Kitsap Sports Banquet
I thought Saturday’s banquet honoring area athletes and coaches at the Kitsap Sun Pavilion was a huge success. Area athletic directors came up with a stellar list of candidates and Bremerton Mayor Cary Bozeman was certainly in his element as the master of ceremonies.
Bozeman, who grew up as a foster child, talked about how coaches had been such a positive influence on his life and he delivered an inspirational talk about leadership. You don’t have to agree with everything he’s done, but you have to admit that the man has vision, is passionate about what he believes in and he’s getting things done.
He broke down his leadership talk into eight parts. No. 1 was the most important: Hang around smart people. Seek ’em out. Listen to them. Really listen to them. Good advice.
The fourth-year collegiate baseball team is on a roll. After stumbling out of the blocks 0-6, they’ve won eight of their last nine games as they head into a six-game homestand against Moses Lake and Kelowna, B.C.
After three years of being primarily a pitching-dominated team, the BlueJackets are doing it with their bats right now. Kitsap’s hitting .284. They’re averaging over seven runs a game, scoring 10 or more in four of their past six games. Opponents, incidentally, are hitting .297 against Kitsap pitching so the possibility of a high-scoring game is pretty good when you head out to the ball yard.

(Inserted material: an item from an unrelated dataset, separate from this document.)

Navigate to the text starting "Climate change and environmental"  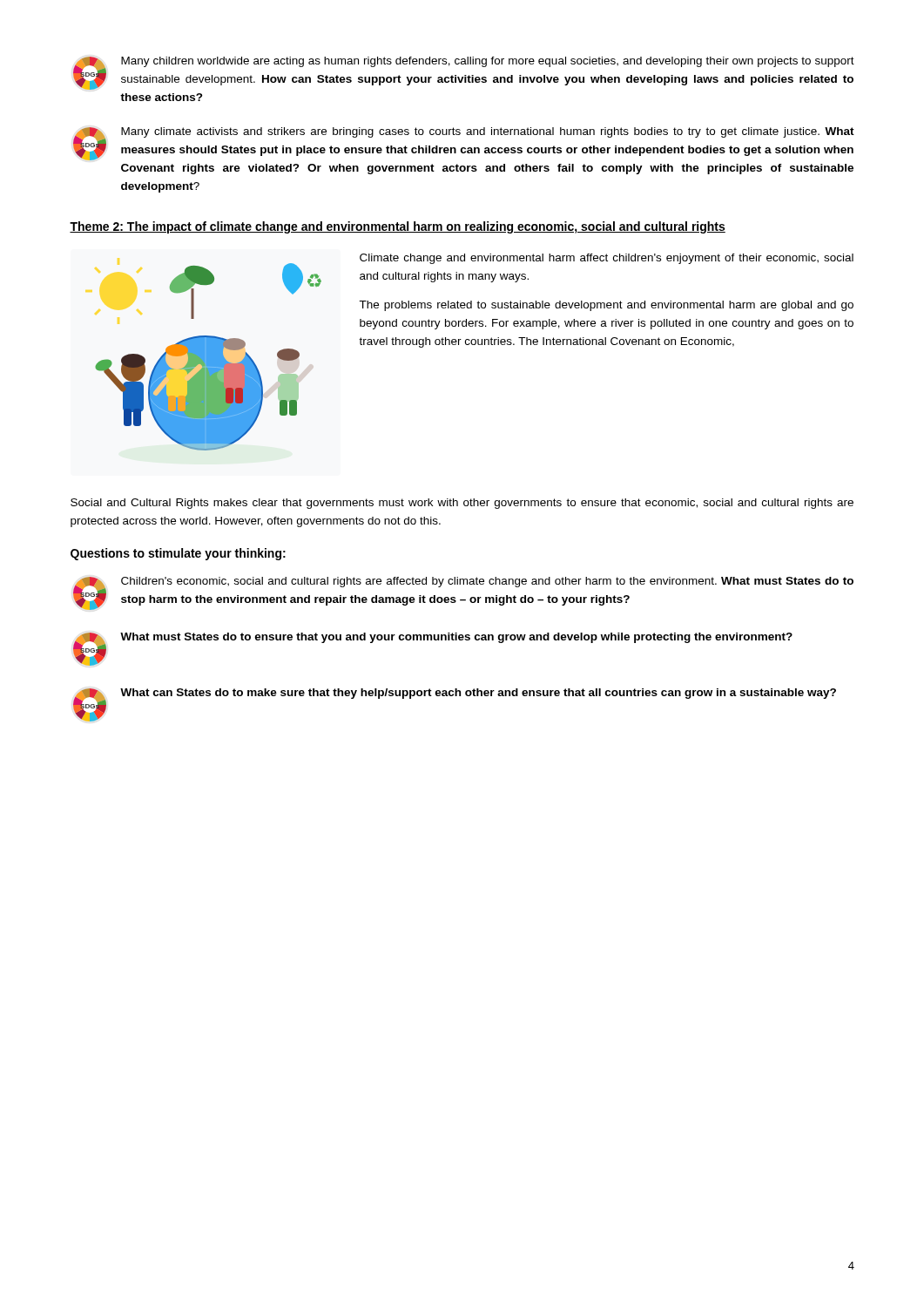(x=462, y=300)

And if offense doesn’t turn you on, there’s always the Burrito Batter. The BlueJackets designate an opposing player the Burrito Batter at every home game. If that batter strikes out, all fans get a free burrito at Taco Bell by showing their ticket.
Did you know Seattle’s Willie Bloomquist has gone 78 games without getting an extra base hit? The unofficial record, according to baseball sleuths, is 100 games, set by Greg Gross 1988-99 while with the Phillies and Astros. The record for at-bats without getting an extra base hit in a season is 124 by Dwain Anderson in 1973 with the Cardinals and Padres. Willie’s had 84 at bats this season with 21 singles for a .250 average.

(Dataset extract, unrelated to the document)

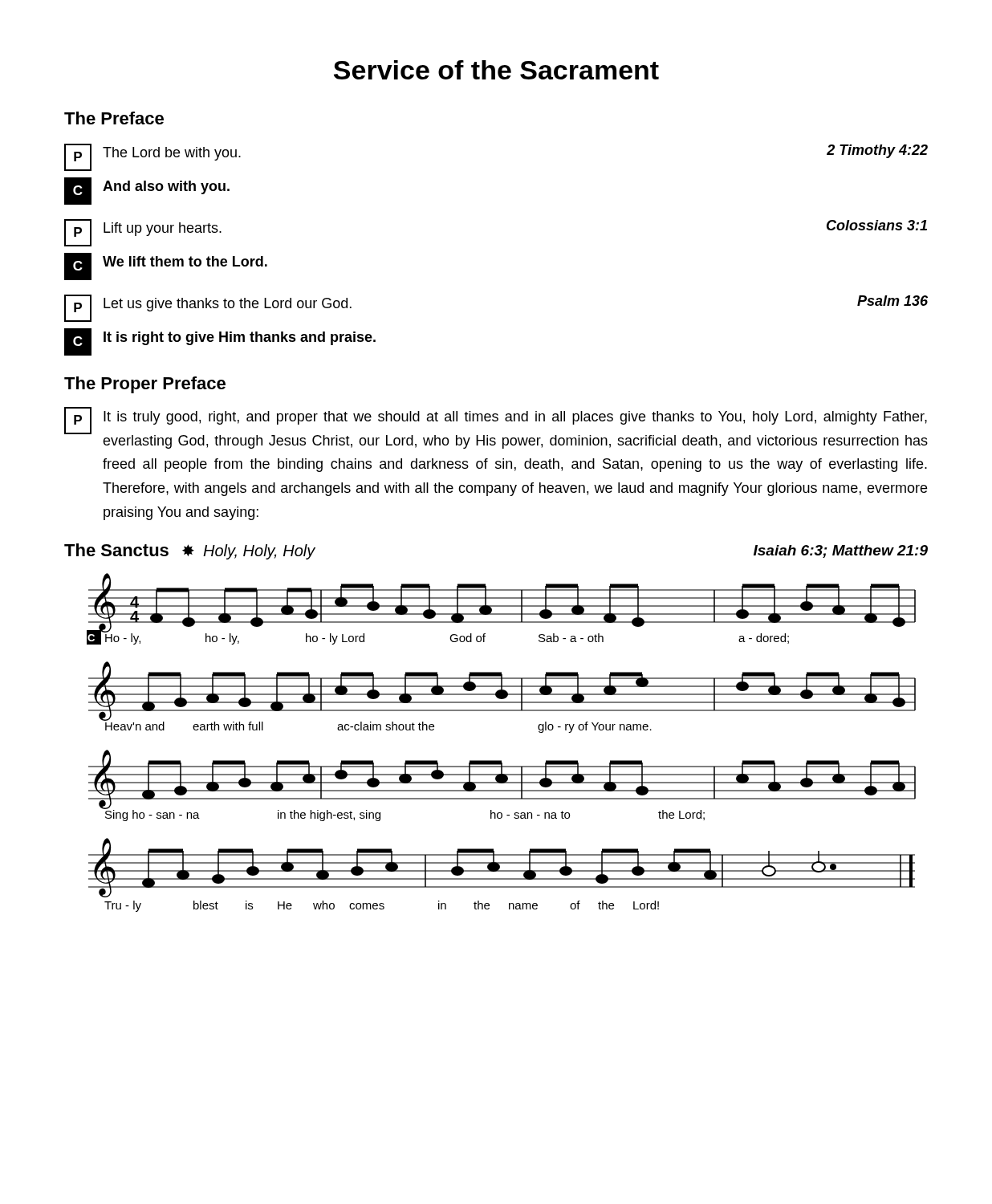Image resolution: width=992 pixels, height=1204 pixels.
Task: Locate the text block that says "P The Lord be with you."
Action: [x=223, y=156]

He doesn’t have a lot of power, but it doesn’t mean the South Kitsap grad isn’t a valuable player. Jeremy Reed only has four extra base hits in 79 at bats, but he’s hitting .304. I’d argue that the energy of those two guys had as much to do with the M’s winning six of nine games on their recent road trip as any position player on the team, with the possible exception of Adrian Beltre.